Of necessity (and as a combined result of the Sentencing Reform Act of 1984, crime patterns, prosecutorial emphasis on drug cases and pedophilia, and advances in technology), pretrial services has had to address the issue of safety within the community, establishing the Agency as the initial assessor of danger and the monitor of the defendant’s activities that reveal that danger. The gateway concept took hold. The probation officer, when determining the supervision techniques to address danger with any given offender, has as resources the offender’s pretrial services report and supervision records, the trial records, a well-developed presentence report, and reports and evaluations of the Bureau of Prisons. Using these resources, he/she bases his/her strategies to address danger. The pretrial services officer has limited knowledge of the defendant, based on agent and prosecutor information (which is usually limited to the criminal activity of the charge and not the danger that the defendant poses). The pretrial services officer is expected to provide for the safety of the community and develop strategies for addressing those issues or behaviors in the defendant’s life that constitute danger for the community while assuming a stance that acknowledges the defendant’s presumed innocence. This is an inherently contradictory task at best, and a unique challenge. It is a task that over the past 25 years has met with much success and some failure. Crime patterns have changed, as have types of crime. Models of supervision have emerged unique to pretrial services. These practices have been successful for individuals awaiting trial, sentence or surrender and have incorporated the least restrictive conditions with best practices to ensure the safety of the community. At times, since the inception of preventive detention, such detention has been used when effective strategies have not been developed or when the reluctance to risk the consequences of a bad decision actually drove the decision itself. Some defendants remain incarcerated because no one has yet developed the strategies to address the danger to the community that they pose.

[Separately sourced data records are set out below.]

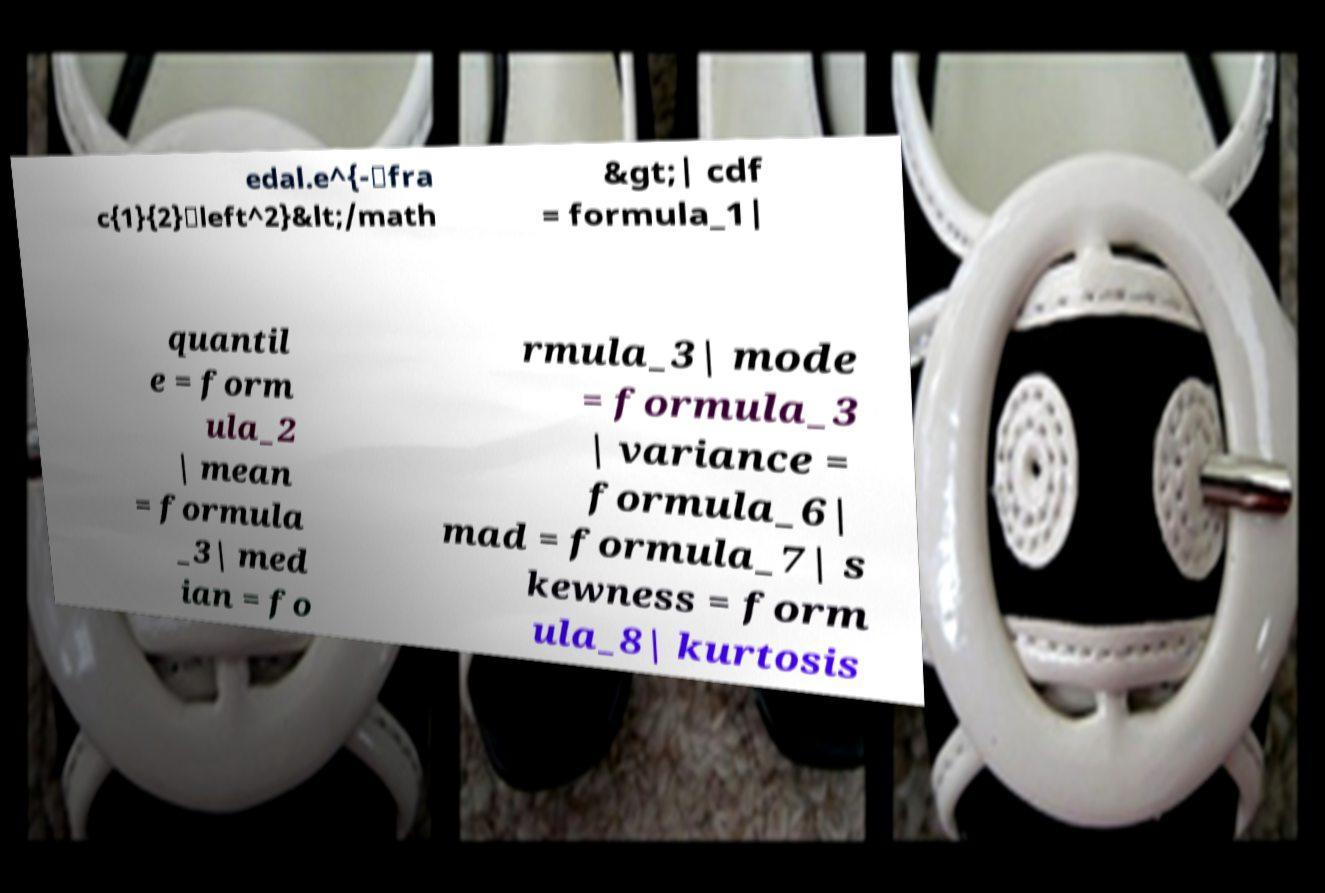Please identify and transcribe the text found in this image. edal.e^{-\fra c{1}{2}\left^2}&lt;/math &gt;| cdf = formula_1| quantil e = form ula_2 | mean = formula _3| med ian = fo rmula_3| mode = formula_3 | variance = formula_6| mad = formula_7| s kewness = form ula_8| kurtosis 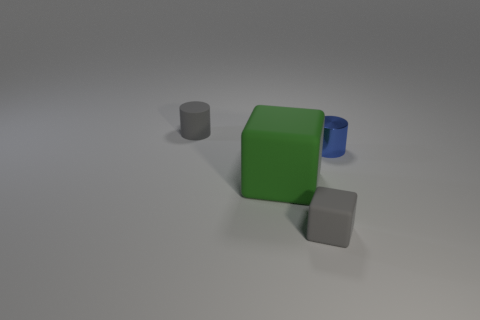There is a small rubber object behind the gray block; is it the same color as the tiny cube?
Your response must be concise. Yes. There is a tiny metal object; are there any big green blocks in front of it?
Give a very brief answer. Yes. The tiny thing that is to the left of the small shiny thing and behind the small cube is what color?
Make the answer very short. Gray. There is a object that is the same color as the matte cylinder; what is its shape?
Make the answer very short. Cube. There is a cube that is to the left of the tiny gray thing that is to the right of the tiny gray rubber cylinder; how big is it?
Provide a short and direct response. Large. What number of balls are matte things or gray things?
Your response must be concise. 0. The other metal cylinder that is the same size as the gray cylinder is what color?
Give a very brief answer. Blue. What shape is the small gray rubber object that is in front of the thing behind the blue thing?
Give a very brief answer. Cube. There is a matte object that is behind the green rubber object; is it the same size as the green cube?
Your answer should be compact. No. What number of other objects are the same material as the gray cube?
Offer a terse response. 2. 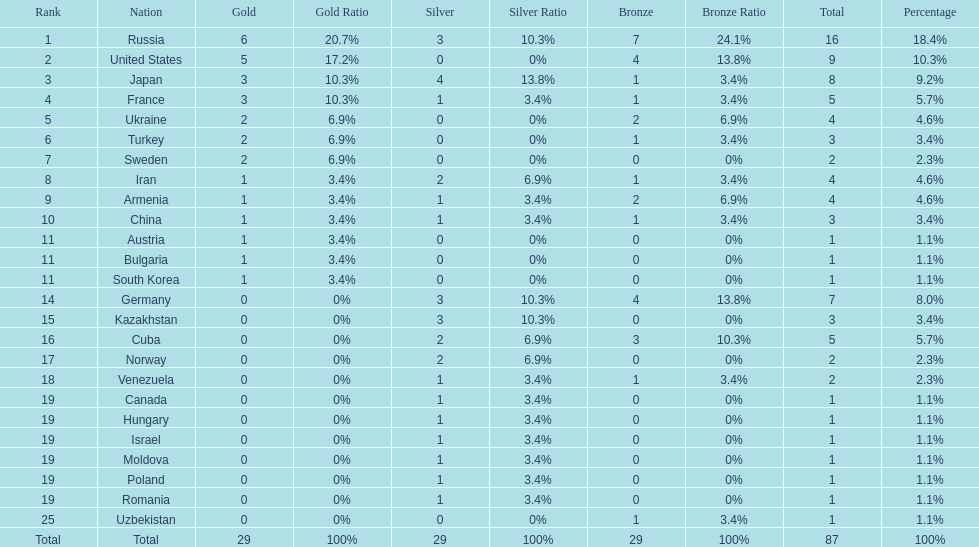Who won more gold medals than the united states? Russia.

Twenty-five years ago, training of officers consisted of a four-day stint at the Federal Judicial Center after almost a year of on-the-job training. Today officers attend a national training academy with comprehensive instruction in all areas of their role and function. Twenty-five years ago, personal safety consisted of the warning to be careful, go in pairs, and use common sense. There was no training in safety techniques, and officers relied on their own wits and good sense. Today, officers receive extensive training in awareness, typologies, and environment and are given the tools to ensure their safety. Twenty-five years ago, pretrial services reports were hand written (like notes to the judge), with no copies for the prosecutor or defense counsel, and with recommendations based largely on intuition and (at best) some experience. Today these investigations are increasingly solidly based on available technological resources and proven data with recommendations that rely on evidence-based information.

The goal of pretrial services remains the same as it was 25 years ago—to provide judicial officers with a mechanism to support their release/detention decisions and to ensure that these decisions do not place anyone in the community in danger. The tools have greatly improved over time. The policy issues remain the same. One suspects that 25 years from now, at the 50th anniversary of the Pretrial Services Act of 1982, twice as much will have changed but the fundamental goal will have survived.